Вадим видел одного Палавина. Нагнув голову, упорно, из-подо лба он ловил нестойкий, ускользающий взгляд голубых глаз Сергея. А тот каждую минуту становился другим. Сначала он выглядел равнодушным. Зевал. Спичкой ковырялся в своей трубке. Потом, как рассеянный студент во время лекций, решивший вдруг проявить усердие и послушать профессора, он глубоко вздохнул и, подперев голову рукой, с любопытством уставился на Вадима. Потом он выпрямился, опустил руки под стол. Слушал удивленно, с полуоткрытым ртом. Вдруг хмурился и воинственно поднимал плечи, хотел что-то сказать, но сдерживал себя, молчал, горбился. И вновь выпрямлялся и быстро оглядывал всех в комнате. Потом он начал краснеть, лоб его заблестел, и он вынул носовой платок, но вытер почему-то подбородок.

Когда Вадим кончил рассказ о Вале, Палавин сразу спросил:

— Ну и что?

— Я знаю, — сказал Вадим, глядя на Палавина, — что Палавин все рассказанное мною может отрицать. Свидетелей нет. Самой Вали здесь нет. Но дело не в этом. У нас тут не судебное следствие. Все, что рассказала мне Валя, — а я верю ей до последнего слова, — только добавление к остальному. Портрет готов. Мы обсуждаем сегодня поведение человека, его характер и жизнь. Я знаю, не только мне — другим тоже есть что сказать. И вот давайте поговорим, потому что… — и, мрачно насупясь, Вадим закончил скороговоркой: — …Потому что пока еще есть время. Еще можно что-то ему объяснить. Человек он все же не потерянный, я думаю… Так мне кажется, во всяком случае…

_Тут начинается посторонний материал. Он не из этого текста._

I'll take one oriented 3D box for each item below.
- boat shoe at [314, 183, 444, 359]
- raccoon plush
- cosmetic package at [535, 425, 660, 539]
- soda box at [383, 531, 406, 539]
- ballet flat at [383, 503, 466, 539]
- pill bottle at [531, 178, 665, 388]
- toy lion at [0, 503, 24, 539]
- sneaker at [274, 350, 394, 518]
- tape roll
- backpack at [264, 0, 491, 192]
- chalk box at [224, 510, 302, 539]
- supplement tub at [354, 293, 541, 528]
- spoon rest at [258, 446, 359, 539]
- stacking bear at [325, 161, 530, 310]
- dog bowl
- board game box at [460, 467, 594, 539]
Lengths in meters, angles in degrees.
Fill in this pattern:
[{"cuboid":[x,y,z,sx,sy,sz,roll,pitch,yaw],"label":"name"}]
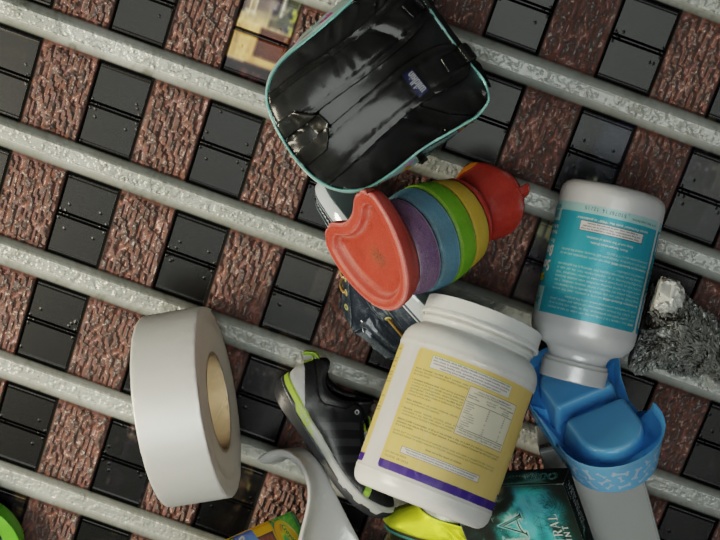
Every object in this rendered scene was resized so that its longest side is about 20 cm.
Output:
[{"cuboid":[0.000,0.000,1.565,0.091,0.071,0.201,-39,89,29],"label":"boat shoe"},{"cuboid":[0.350,0.076,1.512,0.133,0.200,0.098,17,87,7],"label":"raccoon plush"},{"cuboid":[0.264,0.259,1.612,0.106,0.090,0.202,-13,101,6],"label":"cosmetic package"},{"cuboid":[0.044,0.357,1.588,0.067,0.200,0.064,27,104,-5],"label":"soda box"},{"cuboid":[0.125,0.275,1.624,0.198,0.067,0.068,15,109,8],"label":"ballet flat"},{"cuboid":[0.238,0.015,1.513,0.109,0.111,0.202,13,90,-1],"label":"pill bottle"},{"cuboid":[-0.447,0.354,1.690,0.190,0.069,0.201,29,104,-12],"label":"toy lion"},{"cuboid":[-0.012,0.177,1.608,0.082,0.072,0.201,-36,96,6],"label":"sneaker"},{"cuboid":[-0.180,0.141,1.544,0.070,0.203,0.205,-9,104,6],"label":"tape roll"},{"cuboid":[0.005,-0.175,1.471,0.199,0.153,0.176,-39,97,-5],"label":"backpack"},{"cuboid":[-0.111,0.353,1.601,0.124,0.199,0.125,-45,71,42],"label":"chalk box"},{"cuboid":[0.091,0.139,1.471,0.144,0.145,0.202,21,83,-3],"label":"supplement tub"},{"cuboid":[-0.046,0.275,1.579,0.061,0.099,0.202,-42,63,38],"label":"spoon rest"},{"cuboid":[0.084,-0.047,1.494,0.199,0.121,0.114,-26,80,-33],"label":"stacking bear"},{"cuboid":[0.240,0.153,1.535,0.110,0.200,0.050,-21,127,-9],"label":"dog bowl"},{"cuboid":[0.182,0.296,1.549,0.134,0.028,0.202,-7,118,30],"label":"board game box"}]

— Спасибо, — сказал Палавин. — Прошу слова!

— Белов, кончил? — спросил Спартак.

— Кончил пока.

Вадим сел, и сейчас же, не дожидаясь приглашения Спартака, поднялся Палавин.

— Я обвиняю Белова! — выговорил он поспешно, — Обвиняю его в злонамеренной клевете! Да, не он обвиняет сегодня, а я его обвиняю…

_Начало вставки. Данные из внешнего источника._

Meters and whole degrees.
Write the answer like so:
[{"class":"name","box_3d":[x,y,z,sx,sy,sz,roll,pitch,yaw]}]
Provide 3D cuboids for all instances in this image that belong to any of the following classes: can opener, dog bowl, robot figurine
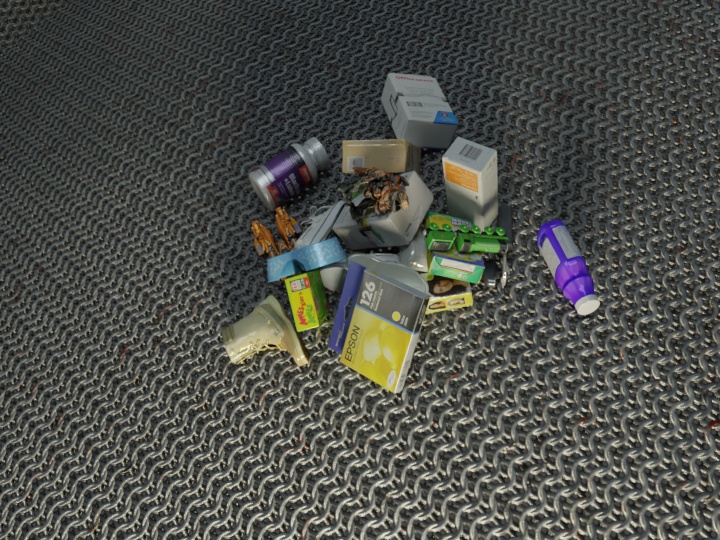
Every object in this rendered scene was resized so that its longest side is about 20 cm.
[{"class":"can opener","box_3d":[0.299,-0.053,1.340,0.065,0.054,0.205,2,55,9]},{"class":"dog bowl","box_3d":[-0.121,-0.023,1.318,0.195,0.111,0.051,-17,92,31]},{"class":"robot figurine","box_3d":[-0.186,-0.054,1.467,0.142,0.059,0.202,-30,53,-5]}]

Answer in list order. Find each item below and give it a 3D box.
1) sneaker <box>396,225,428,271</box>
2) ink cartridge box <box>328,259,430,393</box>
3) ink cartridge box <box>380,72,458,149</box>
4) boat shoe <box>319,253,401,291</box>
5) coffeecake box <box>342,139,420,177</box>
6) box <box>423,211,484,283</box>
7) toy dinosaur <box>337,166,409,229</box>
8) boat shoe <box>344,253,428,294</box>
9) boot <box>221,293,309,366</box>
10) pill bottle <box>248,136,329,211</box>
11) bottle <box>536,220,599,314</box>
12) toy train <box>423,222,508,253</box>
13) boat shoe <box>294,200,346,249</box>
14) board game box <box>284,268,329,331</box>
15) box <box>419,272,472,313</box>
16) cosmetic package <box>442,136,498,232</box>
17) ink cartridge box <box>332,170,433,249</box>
[{"class":"sneaker","box_3d":[0.131,-0.060,1.390,0.086,0.076,0.203,20,35,-16]},{"class":"ink cartridge box","box_3d":[0.025,0.109,1.237,0.196,0.047,0.204,23,105,26]},{"class":"ink cartridge box","box_3d":[0.149,-0.412,1.582,0.141,0.086,0.204,0,49,-19]},{"class":"boat shoe","box_3d":[0.000,0.000,1.383,0.193,0.075,0.066,-1,37,11]},{"class":"coffeecake box","box_3d":[0.055,-0.265,1.465,0.148,0.199,0.076,2,96,16]},{"class":"box","box_3d":[0.197,-0.060,1.322,0.113,0.049,0.202,11,34,-7]},{"class":"toy dinosaur","box_3d":[0.030,-0.167,1.303,0.134,0.104,0.200,-32,20,-7]},{"class":"boat shoe","box_3d":[0.054,0.027,1.282,0.195,0.063,0.076,16,56,23]},{"class":"boot","box_3d":[-0.207,0.159,1.315,0.153,0.074,0.201,-32,52,-9]},{"class":"pill bottle","box_3d":[-0.178,-0.252,1.571,0.198,0.113,0.112,-36,54,-11]},{"class":"bottle","box_3d":[0.425,-0.006,1.256,0.063,0.084,0.204,-16,52,2]},{"class":"toy train","box_3d":[0.221,-0.063,1.265,0.193,0.042,0.058,3,48,-19]},{"class":"boat shoe","box_3d":[-0.101,-0.105,1.451,0.084,0.076,0.204,18,48,14]},{"class":"board game box","box_3d":[-0.107,0.056,1.270,0.046,0.200,0.105,-13,92,4]},{"class":"box","box_3d":[0.138,0.049,1.315,0.193,0.051,0.077,-13,52,7]},{"class":"cosmetic package","box_3d":[0.244,-0.184,1.355,0.100,0.202,0.072,27,64,29]},{"class":"ink cartridge box","box_3d":[0.050,-0.133,1.393,0.197,0.084,0.147,-3,50,49]}]

— Ты говори, говори, — сказал Спартак, хмурясь, — а мы уж тут разберемся, кто кого обвиняет.

— Я и говорю, товарищ Галустян. Прошу не понукать. Так вот, Белов узнал окольным путем кое-что из моей, о моей… ну, неудачной любви, если хотите, и постарался из этого «кое-что» состряпать дело. Аморальное дело, грязное, постарался облить меня грязью. Я-то знаю, зачем это нужно. И я возмущен тем, что бюро комсомола находит возможным под видом обсуждения моего, так сказать, общественного лица выслушивать эту нелепую сплетню. Я возмущен беспринципностью бюро — прошу записать в протокол! Что, у нас нет больше дел на бюро? Все у нас блестяще, все вопросы решены?

Спартак постучал смуглым остроугольным пальцем по столу.

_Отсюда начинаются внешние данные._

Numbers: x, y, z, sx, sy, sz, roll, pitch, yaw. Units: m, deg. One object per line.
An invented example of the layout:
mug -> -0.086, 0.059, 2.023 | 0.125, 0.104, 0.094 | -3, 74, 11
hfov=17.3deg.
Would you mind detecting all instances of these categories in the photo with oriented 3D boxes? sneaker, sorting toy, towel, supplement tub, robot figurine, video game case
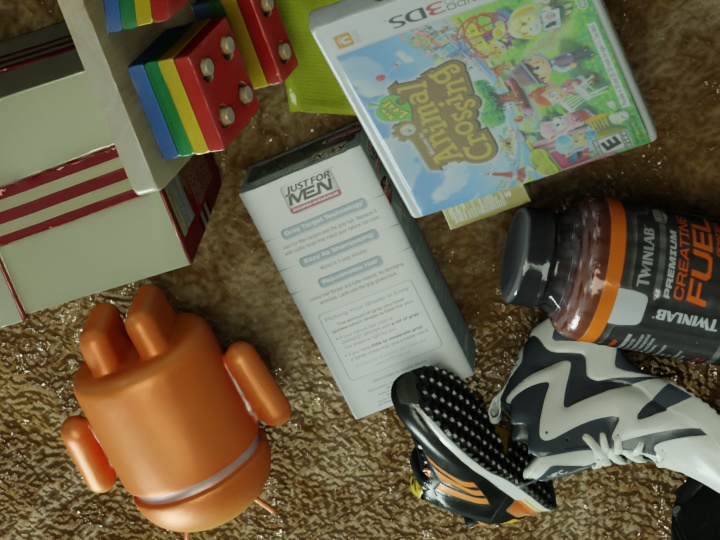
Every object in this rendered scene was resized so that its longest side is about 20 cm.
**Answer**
sneaker -> 0.179, 0.129, 1.723 | 0.199, 0.079, 0.130 | 40, 78, 13
sorting toy -> -0.119, -0.185, 1.595 | 0.070, 0.200, 0.199 | -10, 113, 25
sneaker -> 0.065, 0.143, 1.769 | 0.090, 0.070, 0.200 | -27, 140, 23
towel -> -0.044, -0.201, 1.661 | 0.086, 0.018, 0.200 | 9, 123, 46
supplement tub -> 0.204, 0.006, 1.695 | 0.200, 0.107, 0.107 | 10, 115, -10
robot figurine -> -0.142, 0.113, 1.782 | 0.144, 0.117, 0.200 | -35, 111, -24
video game case -> 0.085, -0.128, 1.587 | 0.182, 0.022, 0.200 | -18, 137, 12

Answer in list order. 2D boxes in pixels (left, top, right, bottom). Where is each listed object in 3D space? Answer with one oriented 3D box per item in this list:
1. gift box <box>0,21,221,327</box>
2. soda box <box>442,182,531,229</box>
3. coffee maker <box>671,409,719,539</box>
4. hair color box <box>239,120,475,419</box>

— Палавин, ты должен говорить сейчас не о бюро, а о себе. Отвечай Белову по существу.

Палавин посмотрел на Спартака, потом на Вадима, на членов бюро и вдруг опустился на стул.

— Я отказываюсь вам отвечать.

— Что? Отказываешься отвечать комсомольскому бюро? — спросил Спартак после паузы.

— Я отказываюсь, да. Потому что вы неоправданно вмешиваетесь в мою личную жизнь… Это низкое любопытство…

— Нет, подожди, Палавин! — сказал Спартак, вставая, и его черные брови жестко сомкнулись. — Ты не своди весь разговор к этой истории с Валей. Не хитри, Сергей! Белов говорил обо всем твоем поведении в институте, о твоем отношении к преподавателям, к товарищам, подругам — вот о чем. Будешь отвечать?

Палавин отрицательно покачал головой.

— Так. Ну что ж, — сказал Спартак, помолчав, — не хочешь сейчас говорить, заговоришь потом. Кто будет выступать?

Попросил слово Горцев, член бюро по сектору быта. Говорил он медленно, с утомительными паузами и все время, пока говорил, трогал лицо: потирал пальцами бледный лоб, нежно ощупывал шею, накручивал на палец белокурую прядь… Да, он тоже замечал, что Палавин выбрал в жизни нехороший, нетоварищеский стиль. Но ему не казалось возможным обсуждать на бюро мелкие факты, характеризующие этот стиль. Теперь ему кажется, что это будет полезно для Палавина. Ведь было же полезно для Лагоденко то комсомольское собрание, на котором критиковали Лагоденко за грубость, бахвальство, недисциплинированность. Лагоденко сильно изменился за последнее время, и в лучшую сторону.